- [TASK INSTRUCTIONS] The answer must consist of every line below containing "PUNKT".

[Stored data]
|---|
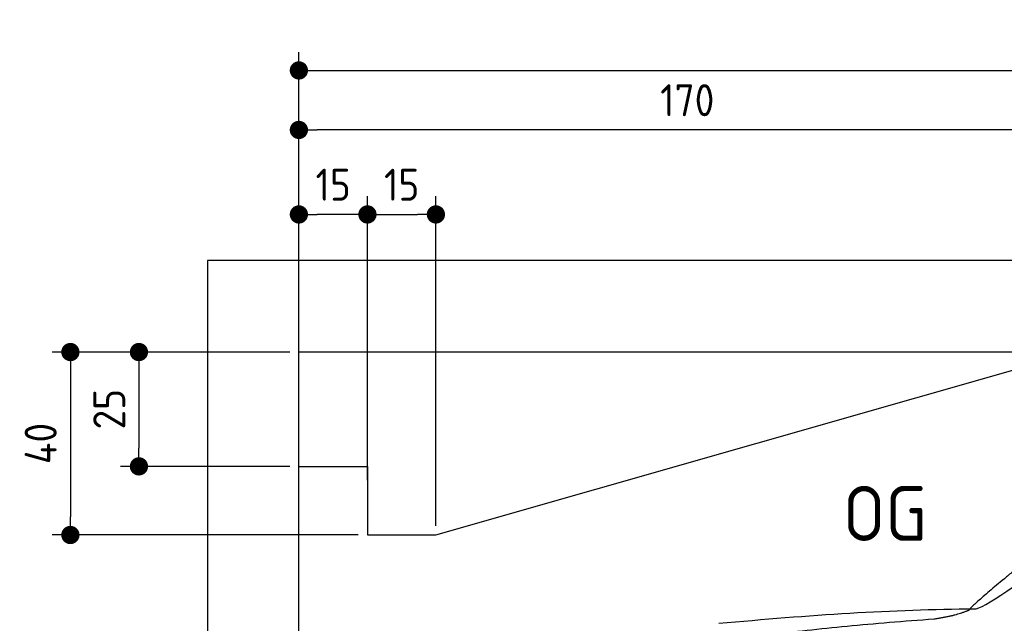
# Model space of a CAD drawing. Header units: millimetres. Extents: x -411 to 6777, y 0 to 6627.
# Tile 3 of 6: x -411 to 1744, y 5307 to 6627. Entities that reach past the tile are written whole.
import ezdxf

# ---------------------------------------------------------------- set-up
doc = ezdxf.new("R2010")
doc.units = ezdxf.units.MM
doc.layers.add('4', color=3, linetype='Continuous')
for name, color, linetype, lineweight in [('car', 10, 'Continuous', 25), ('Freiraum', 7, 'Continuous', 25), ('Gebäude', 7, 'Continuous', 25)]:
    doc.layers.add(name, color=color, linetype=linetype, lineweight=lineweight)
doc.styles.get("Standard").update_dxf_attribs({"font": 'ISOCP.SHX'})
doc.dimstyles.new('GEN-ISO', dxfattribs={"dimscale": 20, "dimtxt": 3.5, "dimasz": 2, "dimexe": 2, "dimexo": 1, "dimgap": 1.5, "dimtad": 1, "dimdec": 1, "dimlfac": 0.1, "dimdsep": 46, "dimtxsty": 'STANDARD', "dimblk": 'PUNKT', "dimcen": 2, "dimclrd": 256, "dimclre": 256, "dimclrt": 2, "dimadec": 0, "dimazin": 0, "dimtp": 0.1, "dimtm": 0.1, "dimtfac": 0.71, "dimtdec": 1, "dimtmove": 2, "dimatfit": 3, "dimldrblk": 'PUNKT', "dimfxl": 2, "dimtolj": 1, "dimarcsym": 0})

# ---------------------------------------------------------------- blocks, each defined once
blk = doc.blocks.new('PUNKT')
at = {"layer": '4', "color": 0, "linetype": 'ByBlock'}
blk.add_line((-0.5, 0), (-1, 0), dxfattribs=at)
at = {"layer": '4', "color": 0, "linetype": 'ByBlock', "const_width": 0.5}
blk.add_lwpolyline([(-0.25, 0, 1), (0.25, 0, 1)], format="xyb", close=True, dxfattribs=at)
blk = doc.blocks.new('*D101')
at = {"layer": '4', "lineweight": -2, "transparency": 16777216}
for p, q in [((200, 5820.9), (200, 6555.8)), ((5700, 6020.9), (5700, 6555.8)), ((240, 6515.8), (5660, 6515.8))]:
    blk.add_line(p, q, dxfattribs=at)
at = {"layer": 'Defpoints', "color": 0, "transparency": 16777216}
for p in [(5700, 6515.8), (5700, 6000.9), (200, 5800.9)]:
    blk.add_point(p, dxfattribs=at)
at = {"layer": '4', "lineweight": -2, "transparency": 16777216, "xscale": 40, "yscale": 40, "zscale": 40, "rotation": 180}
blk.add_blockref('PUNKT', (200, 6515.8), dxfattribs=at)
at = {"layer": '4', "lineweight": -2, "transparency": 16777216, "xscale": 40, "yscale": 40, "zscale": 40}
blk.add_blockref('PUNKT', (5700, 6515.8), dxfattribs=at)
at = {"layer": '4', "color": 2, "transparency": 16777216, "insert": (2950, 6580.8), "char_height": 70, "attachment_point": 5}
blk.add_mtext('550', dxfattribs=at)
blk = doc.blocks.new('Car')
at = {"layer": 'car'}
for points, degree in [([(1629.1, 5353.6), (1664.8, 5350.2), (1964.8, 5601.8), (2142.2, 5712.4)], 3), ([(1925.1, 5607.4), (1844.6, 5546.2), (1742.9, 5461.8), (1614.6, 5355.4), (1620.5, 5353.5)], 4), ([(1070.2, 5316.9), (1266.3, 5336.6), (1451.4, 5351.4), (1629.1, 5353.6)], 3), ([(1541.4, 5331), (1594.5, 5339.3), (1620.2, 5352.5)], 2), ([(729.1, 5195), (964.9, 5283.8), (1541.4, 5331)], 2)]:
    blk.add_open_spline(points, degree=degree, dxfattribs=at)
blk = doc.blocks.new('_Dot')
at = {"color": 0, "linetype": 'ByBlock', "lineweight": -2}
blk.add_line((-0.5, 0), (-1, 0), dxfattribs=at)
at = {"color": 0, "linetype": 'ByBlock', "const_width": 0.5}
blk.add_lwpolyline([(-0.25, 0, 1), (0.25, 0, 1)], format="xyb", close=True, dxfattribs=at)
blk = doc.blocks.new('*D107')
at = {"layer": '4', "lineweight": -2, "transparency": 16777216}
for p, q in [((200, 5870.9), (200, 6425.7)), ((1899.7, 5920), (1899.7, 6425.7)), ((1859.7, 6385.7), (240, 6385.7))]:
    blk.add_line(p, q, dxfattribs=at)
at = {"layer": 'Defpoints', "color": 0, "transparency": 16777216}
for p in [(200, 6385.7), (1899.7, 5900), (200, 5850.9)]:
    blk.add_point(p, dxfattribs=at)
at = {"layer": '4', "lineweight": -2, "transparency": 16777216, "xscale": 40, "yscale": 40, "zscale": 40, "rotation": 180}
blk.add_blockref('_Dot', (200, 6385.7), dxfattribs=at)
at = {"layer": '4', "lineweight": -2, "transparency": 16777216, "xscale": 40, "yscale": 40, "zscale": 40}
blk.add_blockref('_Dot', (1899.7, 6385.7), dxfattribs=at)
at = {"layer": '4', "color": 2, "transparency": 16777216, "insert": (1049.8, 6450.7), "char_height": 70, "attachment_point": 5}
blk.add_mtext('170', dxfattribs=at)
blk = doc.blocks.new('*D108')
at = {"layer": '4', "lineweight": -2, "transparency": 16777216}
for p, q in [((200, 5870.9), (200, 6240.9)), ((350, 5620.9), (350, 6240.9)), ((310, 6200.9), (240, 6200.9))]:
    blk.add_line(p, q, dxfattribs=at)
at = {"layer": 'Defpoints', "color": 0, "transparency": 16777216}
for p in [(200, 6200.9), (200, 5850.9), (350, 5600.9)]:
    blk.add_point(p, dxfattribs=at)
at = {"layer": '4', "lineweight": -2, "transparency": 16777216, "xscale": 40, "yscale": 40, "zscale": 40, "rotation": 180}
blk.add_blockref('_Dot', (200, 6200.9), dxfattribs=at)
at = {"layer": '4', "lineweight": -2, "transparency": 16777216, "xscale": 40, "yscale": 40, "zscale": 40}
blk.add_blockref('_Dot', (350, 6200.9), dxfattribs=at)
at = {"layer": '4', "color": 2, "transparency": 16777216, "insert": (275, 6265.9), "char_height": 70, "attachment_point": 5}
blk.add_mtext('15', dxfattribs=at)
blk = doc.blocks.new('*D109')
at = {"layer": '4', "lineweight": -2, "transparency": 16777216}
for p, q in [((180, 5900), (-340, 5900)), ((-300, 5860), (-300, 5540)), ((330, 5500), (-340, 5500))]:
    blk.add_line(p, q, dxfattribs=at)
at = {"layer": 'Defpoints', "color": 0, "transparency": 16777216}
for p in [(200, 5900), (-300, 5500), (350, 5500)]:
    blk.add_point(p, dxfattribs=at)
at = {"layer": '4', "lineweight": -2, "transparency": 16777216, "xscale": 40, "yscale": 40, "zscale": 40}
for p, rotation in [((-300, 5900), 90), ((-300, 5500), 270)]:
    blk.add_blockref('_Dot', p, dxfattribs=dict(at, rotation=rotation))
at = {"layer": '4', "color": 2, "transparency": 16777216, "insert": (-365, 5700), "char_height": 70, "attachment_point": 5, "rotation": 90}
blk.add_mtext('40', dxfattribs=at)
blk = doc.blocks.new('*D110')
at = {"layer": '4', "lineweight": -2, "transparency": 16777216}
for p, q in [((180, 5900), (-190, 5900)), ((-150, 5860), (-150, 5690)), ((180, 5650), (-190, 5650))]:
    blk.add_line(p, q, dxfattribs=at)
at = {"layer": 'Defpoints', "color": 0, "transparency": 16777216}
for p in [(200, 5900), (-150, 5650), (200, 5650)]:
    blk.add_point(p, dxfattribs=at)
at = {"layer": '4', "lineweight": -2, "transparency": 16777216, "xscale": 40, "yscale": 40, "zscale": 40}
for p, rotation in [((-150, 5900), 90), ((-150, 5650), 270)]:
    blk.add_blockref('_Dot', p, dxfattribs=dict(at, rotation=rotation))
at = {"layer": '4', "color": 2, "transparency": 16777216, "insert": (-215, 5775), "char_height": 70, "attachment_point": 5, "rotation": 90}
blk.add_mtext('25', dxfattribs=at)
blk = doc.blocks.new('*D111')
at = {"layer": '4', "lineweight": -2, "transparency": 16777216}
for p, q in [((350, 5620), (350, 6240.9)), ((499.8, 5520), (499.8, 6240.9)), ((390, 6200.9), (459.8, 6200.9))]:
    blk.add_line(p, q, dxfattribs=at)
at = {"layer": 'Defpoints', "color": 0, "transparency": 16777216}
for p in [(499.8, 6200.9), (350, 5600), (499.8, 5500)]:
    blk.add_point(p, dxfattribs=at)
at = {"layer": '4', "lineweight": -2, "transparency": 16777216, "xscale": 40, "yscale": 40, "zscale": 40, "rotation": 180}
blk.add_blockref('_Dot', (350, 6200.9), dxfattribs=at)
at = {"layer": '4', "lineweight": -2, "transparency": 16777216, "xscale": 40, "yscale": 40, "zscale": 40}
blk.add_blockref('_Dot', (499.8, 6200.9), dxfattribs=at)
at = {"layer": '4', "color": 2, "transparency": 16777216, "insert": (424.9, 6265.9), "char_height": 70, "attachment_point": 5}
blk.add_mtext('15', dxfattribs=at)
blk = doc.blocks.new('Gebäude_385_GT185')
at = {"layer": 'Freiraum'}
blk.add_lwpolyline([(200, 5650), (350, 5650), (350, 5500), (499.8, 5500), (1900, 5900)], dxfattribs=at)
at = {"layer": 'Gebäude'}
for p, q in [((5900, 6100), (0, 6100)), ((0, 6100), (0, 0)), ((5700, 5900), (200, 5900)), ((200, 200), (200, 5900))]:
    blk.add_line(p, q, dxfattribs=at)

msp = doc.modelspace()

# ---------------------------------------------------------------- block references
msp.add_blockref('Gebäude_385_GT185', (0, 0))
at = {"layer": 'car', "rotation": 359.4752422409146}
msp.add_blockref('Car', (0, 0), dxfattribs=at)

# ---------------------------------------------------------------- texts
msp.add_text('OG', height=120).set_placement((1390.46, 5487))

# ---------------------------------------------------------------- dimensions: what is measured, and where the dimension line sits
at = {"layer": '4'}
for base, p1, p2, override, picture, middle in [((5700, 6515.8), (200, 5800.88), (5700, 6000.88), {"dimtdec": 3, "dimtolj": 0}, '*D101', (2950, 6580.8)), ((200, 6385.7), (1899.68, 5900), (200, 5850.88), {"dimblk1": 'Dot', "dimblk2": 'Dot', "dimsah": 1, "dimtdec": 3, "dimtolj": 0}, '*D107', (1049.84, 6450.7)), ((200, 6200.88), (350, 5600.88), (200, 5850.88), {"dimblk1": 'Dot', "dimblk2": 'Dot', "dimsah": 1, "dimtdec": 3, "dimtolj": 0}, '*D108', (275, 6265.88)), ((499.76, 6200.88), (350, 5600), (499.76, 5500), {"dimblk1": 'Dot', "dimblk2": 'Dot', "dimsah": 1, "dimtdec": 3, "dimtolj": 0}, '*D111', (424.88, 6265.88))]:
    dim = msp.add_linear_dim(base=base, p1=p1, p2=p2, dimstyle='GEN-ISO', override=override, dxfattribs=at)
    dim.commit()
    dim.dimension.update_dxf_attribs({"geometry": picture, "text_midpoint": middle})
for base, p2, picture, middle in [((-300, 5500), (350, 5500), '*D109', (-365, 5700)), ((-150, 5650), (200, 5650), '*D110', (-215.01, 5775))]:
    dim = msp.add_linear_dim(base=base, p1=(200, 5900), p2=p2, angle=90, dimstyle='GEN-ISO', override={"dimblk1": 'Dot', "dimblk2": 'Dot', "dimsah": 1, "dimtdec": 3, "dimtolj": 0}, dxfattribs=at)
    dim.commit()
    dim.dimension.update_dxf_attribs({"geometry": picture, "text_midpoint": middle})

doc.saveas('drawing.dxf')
|---|
- [TASK RESULT]
doc.dimstyles.new('GEN-ISO', dxfattribs={"dimscale": 20, "dimtxt": 3.5, "dimasz": 2, "dimexe": 2, "dimexo": 1, "dimgap": 1.5, "dimtad": 1, "dimdec": 1, "dimlfac": 0.1, "dimdsep": 46, "dimtxsty": 'STANDARD', "dimblk": 'PUNKT', "dimcen": 2, "dimclrd": 256, "dimclre": 256, "dimclrt": 2, "dimadec": 0, "dimazin": 0, "dimtp": 0.1, "dimtm": 0.1, "dimtfac": 0.71, "dimtdec": 1, "dimtmove": 2, "dimatfit": 3, "dimldrblk": 'PUNKT', "dimfxl": 2, "dimtolj": 1, "dimarcsym": 0})
blk = doc.blocks.new('PUNKT')
blk.add_blockref('PUNKT', (200, 6515.8), dxfattribs=at)
blk.add_blockref('PUNKT', (5700, 6515.8), dxfattribs=at)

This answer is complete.